In this circuit, where do the 2 grounds connect to ?

I have the XLR's "pin 1" connected directly to chassis.
The rest of my circuit grounds go to PSU star. That star ground is then connected to chassis through a "loop breaker" (resistor + capacitor).

I'm primarily concerned with the R1-R2 ground.

Parts:
OPA2134 (A1, A2)
INA134 (A3)
R1, R2 = 1.5 Meg.


conventional_instru_amp.jpg
 

redrabbit

Member
2004-10-28 4:25 am
AndrewT said:
Read Rane and Jensen papers.

Andrew, are you tired of seeing these balancing questions here ?

I read the papers, in fact the illustration is from a Jensen white paper.
But of the articles I did read (including Jung/Analog's), I was unable to find any mention regarding where to place those grounds in the schematic, specifically.
It is possible I missed it in the texts, or perhaps it's common sense implementation.....but is not yet common to me....therefore, I asked the question.

Very often I ask a question where I suspect I know the answer, but need confirmation....and I ask it in a way that may be helpful to others who use the "search" function.

Sorry for the mini rant.
I'll connect the R1, R2 ground to "pin 1/chassis" ground, and the other ground to PSU/star ground.

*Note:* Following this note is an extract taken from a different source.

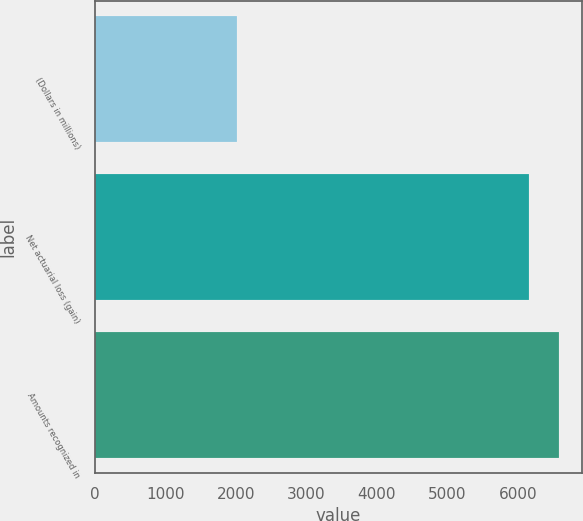<chart> <loc_0><loc_0><loc_500><loc_500><bar_chart><fcel>(Dollars in millions)<fcel>Net actuarial loss (gain)<fcel>Amounts recognized in<nl><fcel>2012<fcel>6164<fcel>6579.2<nl></chart>

I assume R1, R2 are usually placed right at the input XLR pins. I placed them on the board.
R1, R2 are matched.
http://i5.photobucket.com/albums/y177/Midiot/DSCN2946.jpg



=RR=
 

jcx

Member
2003-02-17 7:38 pm
..
R1/2 provide DC bias to the op amp inputs

the balanced signal inputs could be a floating xfmr secondary, or Cap coupled with no DC path

without a DC current path the op amp input bias current would pull the floating balanced inputs beyond the op amp input common mode operating range

The DC path has to return to amplifier power supply/signal ground
 
jcx said:
R1/2 provide DC bias to the op amp inputs

the balanced signal inputs could be a floating xfmr secondary, or Cap coupled with no DC path

without a DC current path the op amp input bias current would pull the floating balanced inputs beyond the op amp input common mode operating range

The DC path has to return to amplifier power supply/signal ground



Yes, correct. The input signal consists of the difference between the two signal inputs, it has no reference to any ground. Of course, it should be *near* ground to stay within the opamps' linear region. The R1,R2 should go to supply ground. Because the output is SE, the output RCA ground pin also connect to supply ground.

Jan Didden
 

redrabbit

Member
2004-10-28 4:25 am
So I have it wrong.....the R1, R2 ground is signal ground, not "pin 1" ground/shield.
Pin 1 goes to chassis, with NOTHING else attached to pin 1.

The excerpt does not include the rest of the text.